Importantly, Gerbner insisted that it was the cumulative effect of watching hours, days, weeks, months and years of TV which ‘cultivated’ the effect, not simply watching a few violent TV shows or hearing periodic outbursts of swearing.

4th phase — negotiating  media  meaning

This latest (but perhaps not last!) phase, which began in the late 1970s and early 1980s, has been characterized by an interest in the ways in which media messages are constructed and offered up to audiences for their consumption and how audiences either accept the (dominant) ways in which texts are encoded, or reject them or negotiate them (see Chapter 2 for an elaboration of the encoding/decoding model). In other words, audience research began to focus on an examination of what audiences did with media, rather than what media did to audiences, emphasizing agency rather than passivity.

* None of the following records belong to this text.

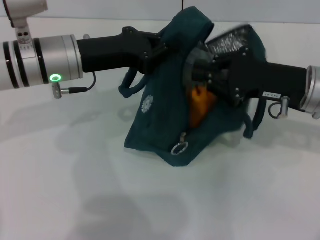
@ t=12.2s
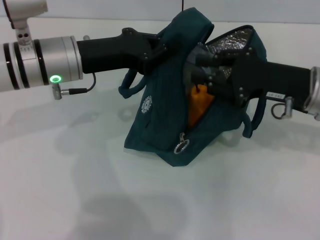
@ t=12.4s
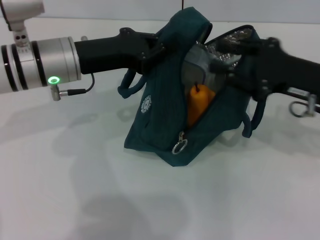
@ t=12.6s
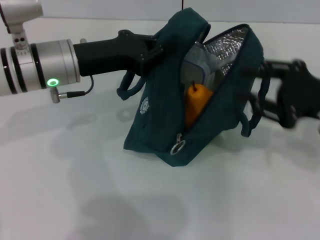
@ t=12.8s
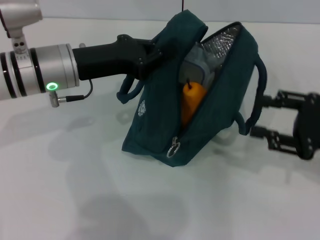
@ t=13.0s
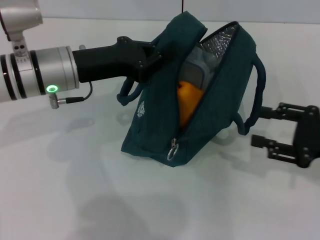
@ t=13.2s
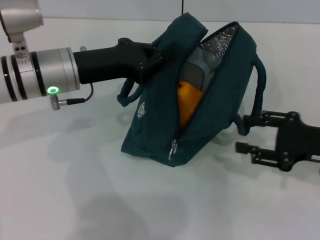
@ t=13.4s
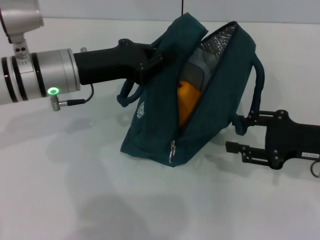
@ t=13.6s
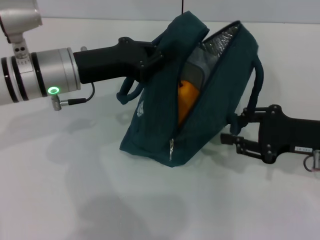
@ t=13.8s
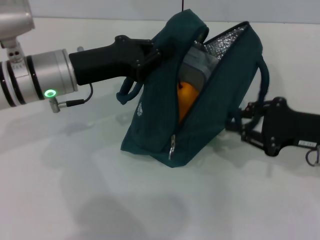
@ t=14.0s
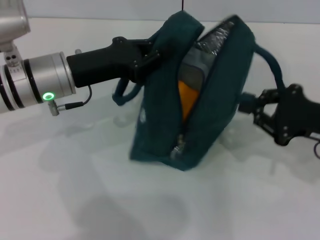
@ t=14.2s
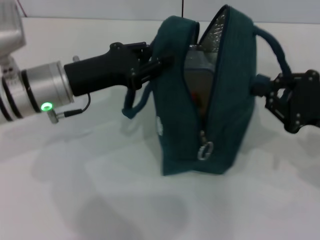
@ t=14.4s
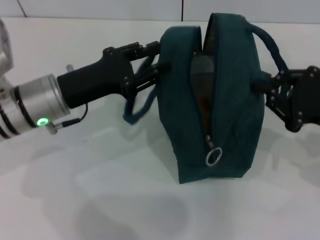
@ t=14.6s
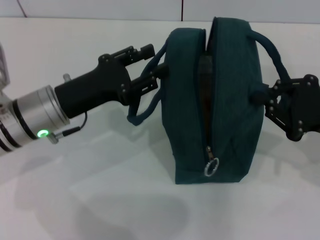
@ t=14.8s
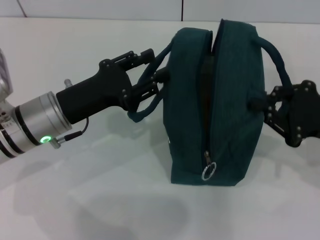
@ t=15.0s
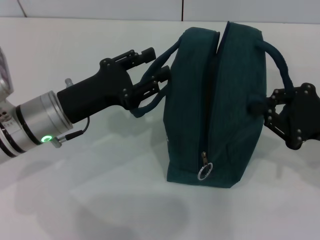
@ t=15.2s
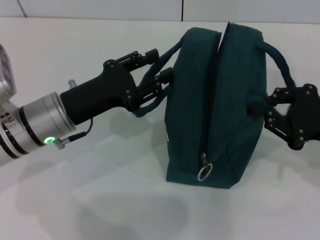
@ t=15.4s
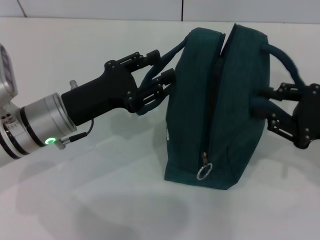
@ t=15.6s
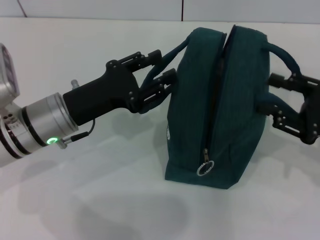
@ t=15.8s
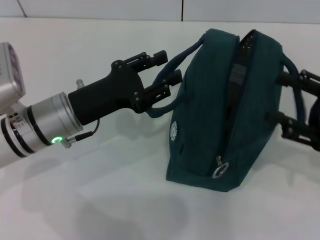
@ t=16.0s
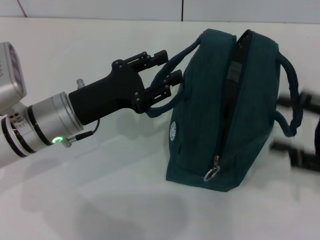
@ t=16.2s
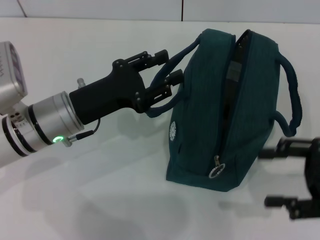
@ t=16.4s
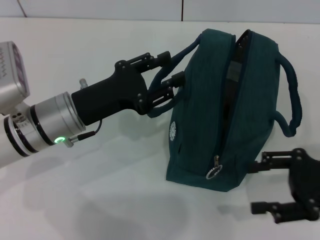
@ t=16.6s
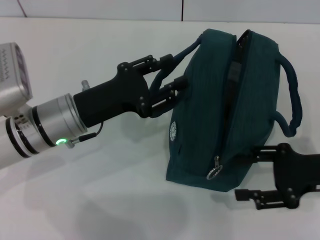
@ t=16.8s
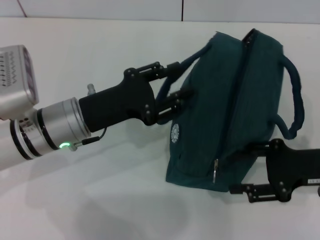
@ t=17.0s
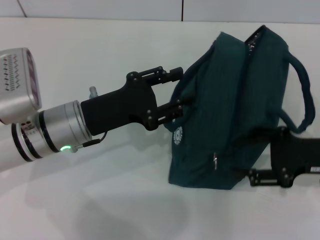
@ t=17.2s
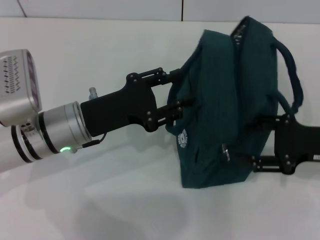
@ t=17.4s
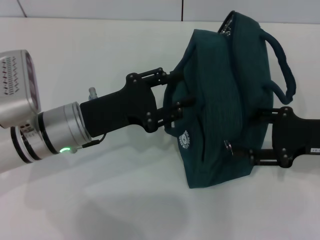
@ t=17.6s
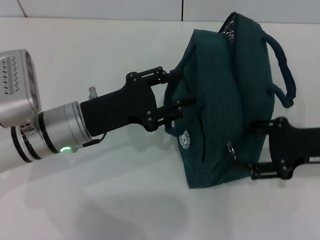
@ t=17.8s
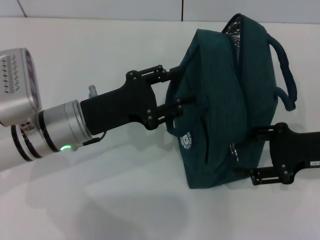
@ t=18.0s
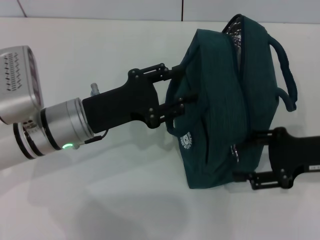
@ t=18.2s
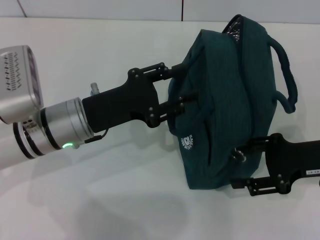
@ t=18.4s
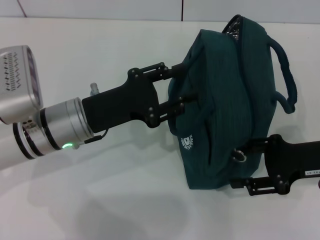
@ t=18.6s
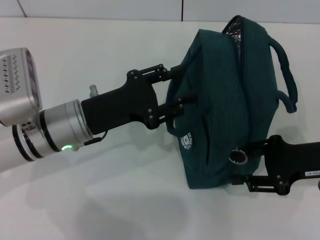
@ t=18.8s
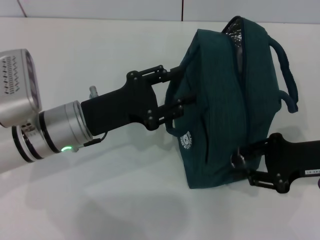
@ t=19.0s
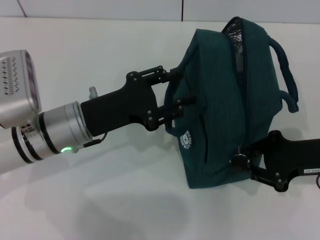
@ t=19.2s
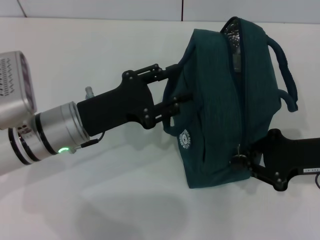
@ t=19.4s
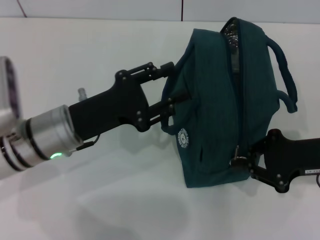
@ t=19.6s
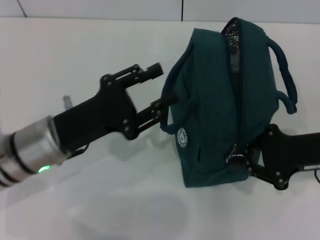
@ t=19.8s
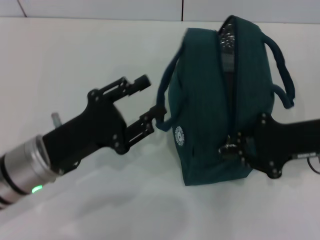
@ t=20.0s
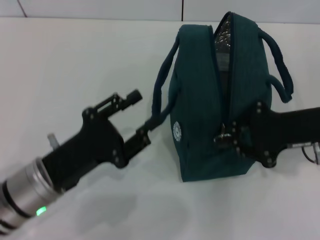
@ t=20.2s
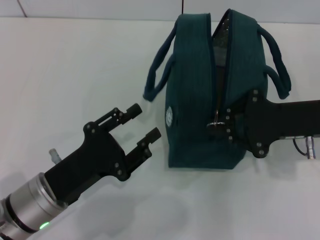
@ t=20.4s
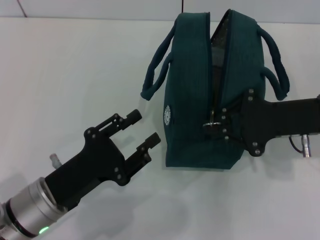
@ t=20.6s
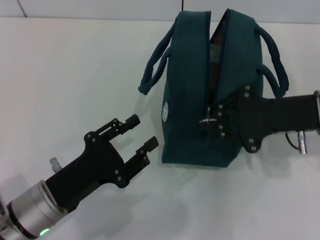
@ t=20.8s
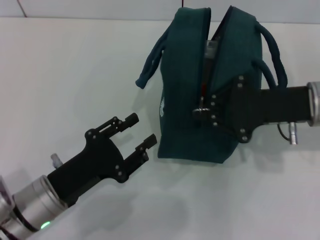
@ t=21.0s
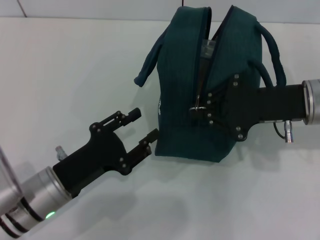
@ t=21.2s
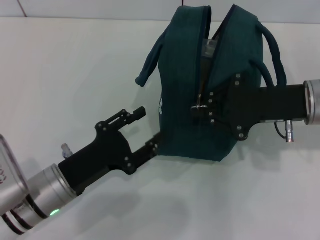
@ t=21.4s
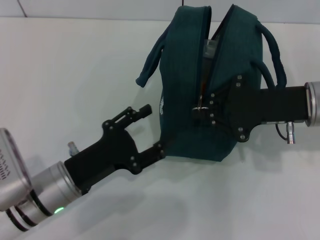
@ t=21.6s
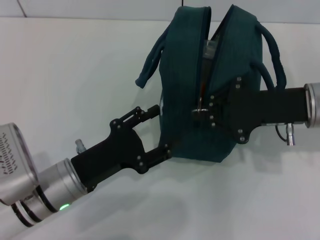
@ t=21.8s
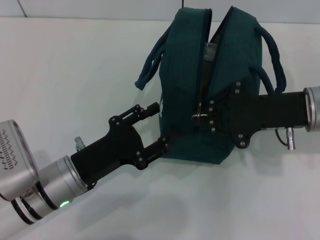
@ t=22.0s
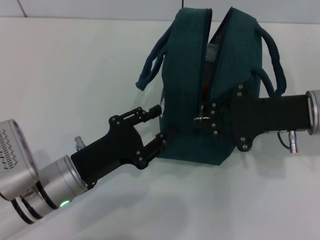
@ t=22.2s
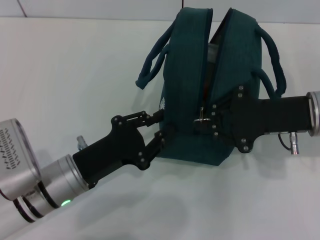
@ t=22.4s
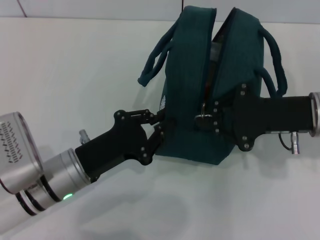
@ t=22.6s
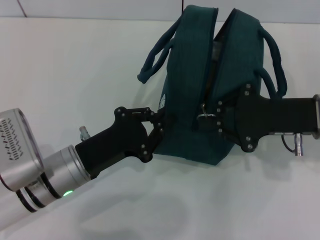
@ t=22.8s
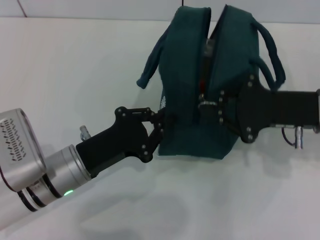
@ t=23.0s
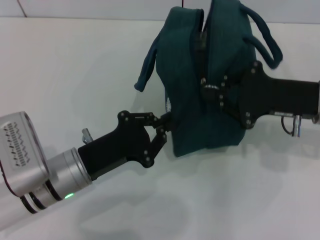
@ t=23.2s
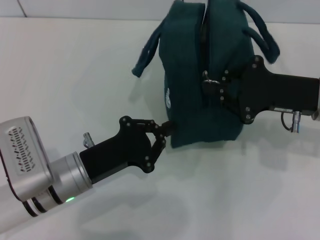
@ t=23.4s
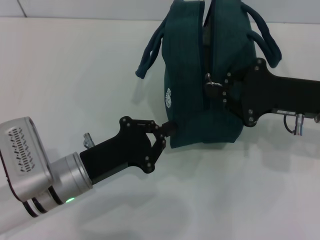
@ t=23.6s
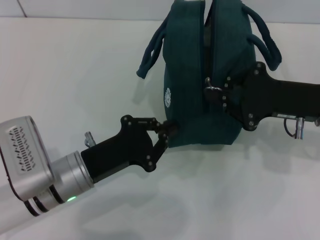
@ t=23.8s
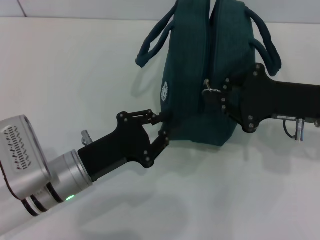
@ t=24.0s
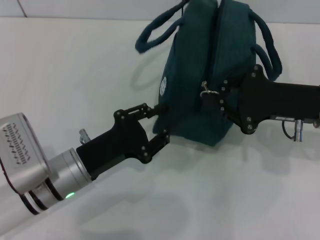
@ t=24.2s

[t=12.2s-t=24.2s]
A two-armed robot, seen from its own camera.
Step, t=12.6s to t=15.2s: Hold the lunch bag with your left hand.
Step, t=15.4s to t=16.0s: Hold the lunch bag with your right hand.
t=12.2s to t=13.8s: The right gripper opens up.
t=13.8s to t=15.2s: The left gripper is displaced backward by roughly 5 cm, and opens. The right gripper closes.
t=15.2s to t=16.6s: The right gripper opens its fingers.
t=18.2s to t=19.8s: The right gripper closes.
t=19.8s to t=21.2s: The right gripper shifts roughly 5 cm to the left; the left gripper goes approximately 5 cm downward.
t=21.2s to t=24.2s: The grippers stay close to where they were, moving slightly.

Studies such as Morley’s (1980) work on the Nationwide programme and Hobson’s (1982) work on Crossroads made clear that there were many different ways in which audiences understood and interpreted media texts. Moreover, what also became clear was that audiences used media texts in a variety of ways — as ways in which to ‘practice’ other ways of being or as the basis for workplace discussions.

In other words, media consumption had a utility over and above the immediate consumption of a particular programme or news item. This phase also saw the further development of alternative methodological practices, moving away from quantitative approaches towards more nuanced understandings of audiences’ lived experiences, necessitating a more qualitative approach which would enable the personal meaning-making process and belief structures to be teased out (see Hall 1980; Morley 1980). These new methodologies included strategies such as observing how families watch TV and looking at who has control of the remote.

 McQuail argues that what this phase contributes to our understanding of effects is that there are two broad imperatives: that 'the media construct social formations and history itself by framing images of reality (in fiction as well as news) in a predictable and patterned way; and that people in audiences construct for themselves their own view of social reality and their place in it, in interaction with the symbolic constructions offered by the media’ (McQuail 1994: 331).

Thus the influence of the media will vary along the continuum of all-nothing, depending on where we, as individual consumers, are situated along that line in terms of our own relationship to the message, our experience, our background and our beliefs.

Whilst McQuail (1994) offers a useful way into understanding shifts in audience effect theory, his is by no means the only model available. Perse (2001), for example, argues that looking at the types rather than the extent of effect is a different way of thinking about the phenomenon, although she makes the point that such models can provide only partial explanations of the highly complex process of affect.

5th Phase   -  2005 Social Media changes mass media theory

For Perse (2001: 51), then, there are four alternate models of effect, which she describes as: direct, conditional, cumulative and cognitive/transactional:

Direct effects — these are generally short-term and testable and assume a passive audience unable to challenge ‘hidden’ media messages or an audience unconscious of the impact of media content on their behaviour (see later discussion on violence and affect).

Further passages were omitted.